Synaptosomal membranes are also affected by Al. Similarly to that found in liposomes, Al caused in vitro a decrease in synaptosomal membrane fluidity (Ohba et al. 1994; Silva et al. 2002). In vivo, the effects of Al on synaptosomal fluidity are contradictory. While Silva et al. (2002) reported that synaptosomal membranes isolated from the brain of rats chronically exposed to Al were more fluid than those isolated from control animals, previous evidence showed a significant decrease in the fluidity of rat brain synaptosomal membranes (Julka and Gill 1996). The disparity between both in vivo studies could be due to differences in Al dose and administration protocols that may differentially affect membrane lipid composition. In fact, Silva et al. (2002) observed a lower ratio of cholesterol to phospholipid contents in Al-exposed than in control animals. In summary, current evidence indicates that Al alters the biophysical properties of myelin and synaptic membranes, effects that could have a negative impact on neurotransmission and on the release and/or uptake of neurotransmitters.
Aluminium and cell signaling
The effects of Al on cell signaling are well characterized in plants. However, there is limited information on how cell signaling could be affected by this metal in the brain.
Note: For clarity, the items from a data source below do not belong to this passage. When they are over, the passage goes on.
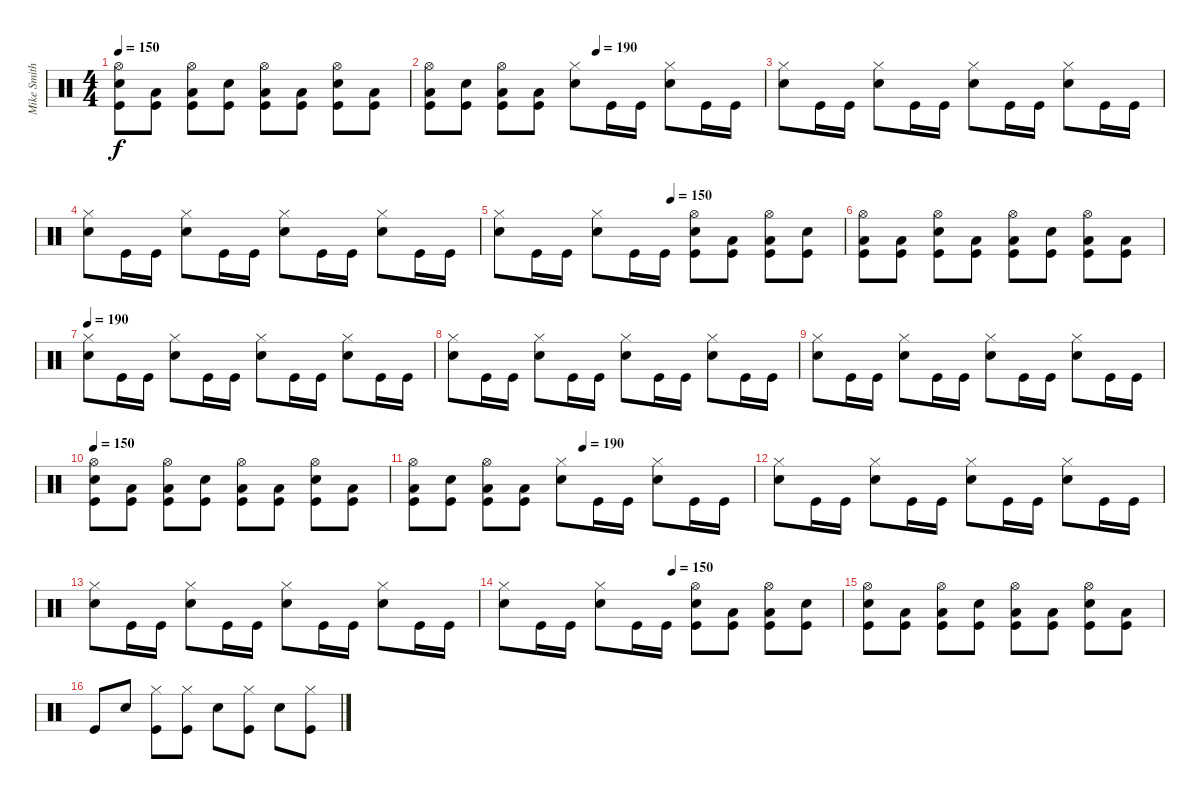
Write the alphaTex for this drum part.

\track ("Mike Smith" "Mike Smith") {instrument percussion}
\staff
\articulation defaults
\ts (4 4)
\tempo 150
\clef neutral
\ks c
("Hi-Hat (open)" "Snare (hit) 2" "Kick (hit)").8{dy f} ("Low Floor Tom (hit)" "Kick (hit)").8 ("Hi-Hat (open)" "Low Floor Tom (hit)" "Kick (hit)").8 ("Snare (hit) 2" "Kick (hit)").8 ("Hi-Hat (open)" "Low Floor Tom (hit)" "Kick (hit)").8 ("Low Floor Tom (hit)" "Kick (hit)").8 ("Hi-Hat (open)" "Snare (hit) 2" "Kick (hit)").8 ("Low Floor Tom (hit)" "Kick (hit)").8 |
\tempo (190 0.5)
("Hi-Hat (open)" "Low Floor Tom (hit)" "Kick (hit)").8 ("Snare (hit) 2" "Kick (hit)").8 ("Hi-Hat (open)" "Low Floor Tom (hit)" "Kick (hit)").8 ("Low Floor Tom (hit)" "Kick (hit)").8 ("Hi-Hat (closed)" "Snare (hit) 2").8 "Kick (hit)".16 "Kick (hit)".16 ("Hi-Hat (closed)" "Snare (hit) 2").8 "Kick (hit)".16 "Kick (hit)".16 |
("Hi-Hat (closed)" "Snare (hit) 2").8 "Kick (hit)".16 "Kick (hit)".16 ("Hi-Hat (closed)" "Snare (hit) 2").8 "Kick (hit)".16 "Kick (hit)".16 ("Hi-Hat (closed)" "Snare (hit) 2").8 "Kick (hit)".16 "Kick (hit)".16 ("Hi-Hat (closed)" "Snare (hit) 2").8 "Kick (hit)".16 "Kick (hit)".16 |
("Hi-Hat (closed)" "Snare (hit) 2").8 "Kick (hit)".16 "Kick (hit)".16 ("Hi-Hat (closed)" "Snare (hit) 2").8 "Kick (hit)".16 "Kick (hit)".16 ("Hi-Hat (closed)" "Snare (hit) 2").8 "Kick (hit)".16 "Kick (hit)".16 ("Hi-Hat (closed)" "Snare (hit) 2").8 "Kick (hit)".16 "Kick (hit)".16 |
\tempo (150 0.5)
("Hi-Hat (closed)" "Snare (hit) 2").8 "Kick (hit)".16 "Kick (hit)".16 ("Hi-Hat (closed)" "Snare (hit) 2").8 "Kick (hit)".16 "Kick (hit)".16 ("Hi-Hat (open)" "Snare (hit) 2" "Kick (hit)").8 ("Low Floor Tom (hit)" "Kick (hit)").8 ("Hi-Hat (open)" "Low Floor Tom (hit)" "Kick (hit)").8 ("Snare (hit) 2" "Kick (hit)").8 |
("Hi-Hat (open)" "Low Floor Tom (hit)" "Kick (hit)").8 ("Low Floor Tom (hit)" "Kick (hit)").8 ("Hi-Hat (open)" "Snare (hit) 2" "Kick (hit)").8 ("Low Floor Tom (hit)" "Kick (hit)").8 ("Hi-Hat (open)" "Low Floor Tom (hit)" "Kick (hit)").8 ("Snare (hit) 2" "Kick (hit)").8 ("Hi-Hat (open)" "Low Floor Tom (hit)" "Kick (hit)").8 ("Low Floor Tom (hit)" "Kick (hit)").8 |
\tempo 190
("Hi-Hat (closed)" "Snare (hit) 2").8 "Kick (hit)".16 "Kick (hit)".16 ("Hi-Hat (closed)" "Snare (hit) 2").8 "Kick (hit)".16 "Kick (hit)".16 ("Hi-Hat (closed)" "Snare (hit) 2").8 "Kick (hit)".16 "Kick (hit)".16 ("Hi-Hat (closed)" "Snare (hit) 2").8 "Kick (hit)".16 "Kick (hit)".16 |
("Hi-Hat (closed)" "Snare (hit) 2").8 "Kick (hit)".16 "Kick (hit)".16 ("Hi-Hat (closed)" "Snare (hit) 2").8 "Kick (hit)".16 "Kick (hit)".16 ("Hi-Hat (closed)" "Snare (hit) 2").8 "Kick (hit)".16 "Kick (hit)".16 ("Hi-Hat (closed)" "Snare (hit) 2").8 "Kick (hit)".16 "Kick (hit)".16 |
("Hi-Hat (closed)" "Snare (hit) 2").8 "Kick (hit)".16 "Kick (hit)".16 ("Hi-Hat (closed)" "Snare (hit) 2").8 "Kick (hit)".16 "Kick (hit)".16 ("Hi-Hat (closed)" "Snare (hit) 2").8 "Kick (hit)".16 "Kick (hit)".16 ("Hi-Hat (closed)" "Snare (hit) 2").8 "Kick (hit)".16 "Kick (hit)".16 |
\tempo 150
("Hi-Hat (open)" "Snare (hit) 2" "Kick (hit)").8 ("Low Floor Tom (hit)" "Kick (hit)").8 ("Hi-Hat (open)" "Low Floor Tom (hit)" "Kick (hit)").8 ("Snare (hit) 2" "Kick (hit)").8 ("Hi-Hat (open)" "Low Floor Tom (hit)" "Kick (hit)").8 ("Low Floor Tom (hit)" "Kick (hit)").8 ("Hi-Hat (open)" "Snare (hit) 2" "Kick (hit)").8 ("Low Floor Tom (hit)" "Kick (hit)").8 |
\tempo (190 0.5)
("Hi-Hat (open)" "Low Floor Tom (hit)" "Kick (hit)").8 ("Snare (hit) 2" "Kick (hit)").8 ("Hi-Hat (open)" "Low Floor Tom (hit)" "Kick (hit)").8 ("Low Floor Tom (hit)" "Kick (hit)").8 ("Hi-Hat (closed)" "Snare (hit) 2").8 "Kick (hit)".16 "Kick (hit)".16 ("Hi-Hat (closed)" "Snare (hit) 2").8 "Kick (hit)".16 "Kick (hit)".16 |
("Hi-Hat (closed)" "Snare (hit) 2").8 "Kick (hit)".16 "Kick (hit)".16 ("Hi-Hat (closed)" "Snare (hit) 2").8 "Kick (hit)".16 "Kick (hit)".16 ("Hi-Hat (closed)" "Snare (hit) 2").8 "Kick (hit)".16 "Kick (hit)".16 ("Hi-Hat (closed)" "Snare (hit) 2").8 "Kick (hit)".16 "Kick (hit)".16 |
("Hi-Hat (closed)" "Snare (hit) 2").8 "Kick (hit)".16 "Kick (hit)".16 ("Hi-Hat (closed)" "Snare (hit) 2").8 "Kick (hit)".16 "Kick (hit)".16 ("Hi-Hat (closed)" "Snare (hit) 2").8 "Kick (hit)".16 "Kick (hit)".16 ("Hi-Hat (closed)" "Snare (hit) 2").8 "Kick (hit)".16 "Kick (hit)".16 |
\tempo (150 0.5)
("Hi-Hat (closed)" "Snare (hit) 2").8 "Kick (hit)".16 "Kick (hit)".16 ("Hi-Hat (closed)" "Snare (hit) 2").8 "Kick (hit)".16 "Kick (hit)".16 ("Hi-Hat (open)" "Snare (hit) 2" "Kick (hit)").8 ("Low Floor Tom (hit)" "Kick (hit)").8 ("Hi-Hat (open)" "Low Floor Tom (hit)" "Kick (hit)").8 ("Snare (hit) 2" "Kick (hit)").8 |
("Hi-Hat (open)" "Snare (hit) 2" "Kick (hit)").8 ("Low Floor Tom (hit)" "Kick (hit)").8 ("Hi-Hat (open)" "Low Floor Tom (hit)" "Kick (hit)").8 ("Snare (hit) 2" "Kick (hit)").8 ("Hi-Hat (open)" "Low Floor Tom (hit)" "Kick (hit)").8 ("Low Floor Tom (hit)" "Kick (hit)").8 ("Hi-Hat (open)" "Snare (hit) 2" "Kick (hit)").8 ("Low Floor Tom (hit)" "Kick (hit)").8 |
"Kick (hit)".8 "Snare (hit) 2".8 ("Hi-Hat (closed)" "Kick (hit)").8 ("Hi-Hat (closed)" "Kick (hit)").8 "Snare (hit) 2".8 ("Hi-Hat (closed)" "Kick (hit)").8 "Snare (hit) 2".8 ("Hi-Hat (closed)" "Kick (hit)").8

Several biological molecules, such as neurotransmitters, neuromodulators and hormones exert their physiological actions through an intracellular second messenger system, in which the receptor-ligand complex stimulates polyphosphoinositides turnover. This pathway is inhibited by Al both in vivo and in vitro (McDonald and Mamrack 1988, 1995; Nostrandt et al. 1996). This effect of Al could be attributed to its interaction with one or more of the following components of this signaling cascade: membrane receptors, receptor-associated G protein, the enzyme phosphatidylinositol-specific phospholipase C (PI-PLC), or its substrates. The first two possibilities were dismissed by early works of Shafer and Mundy (1995). As described above, Al preferentially binds to negative charges of polyphosphoinositides, leading to the clustering of these particular lipids. Both, the increase in the local concentration of polyphosphoinositides, as well as the partial neutralization of their negative charge upon Al binding, resulted in an impairment of PI-PLC binding to its substrates, and consequently to a decreased enzyme activity (Verstraeten and Oteiza 2002; Verstraeten et al. 2003). On the contrary, PLC does not seem to be affected by Al probably because its binding to phosphatidylcholine is weak and does not cause major changes in membrane physical properties capable to impair the access of the enzyme to its substrates (Verstraeten et al. 2003). On the other hand, in the absence of transferrin, oligodendrocytes do not accumulate Al and show a high PIP2 metabolism upon exposure to low Al concentrations. This altered PIP2 metabolism could be mediated by the stimulation by Al of G-protein linked cation-sensitive receptor in the oligodendrocyte membrane (Golub et al. 2002). Together, the above results suggest that Al can adversely affect signaling cascades that either involve the binding of regulatory proteins to polyphosphoinositides in the membranes or that involve phosphatidyl inositol-derived second messengers.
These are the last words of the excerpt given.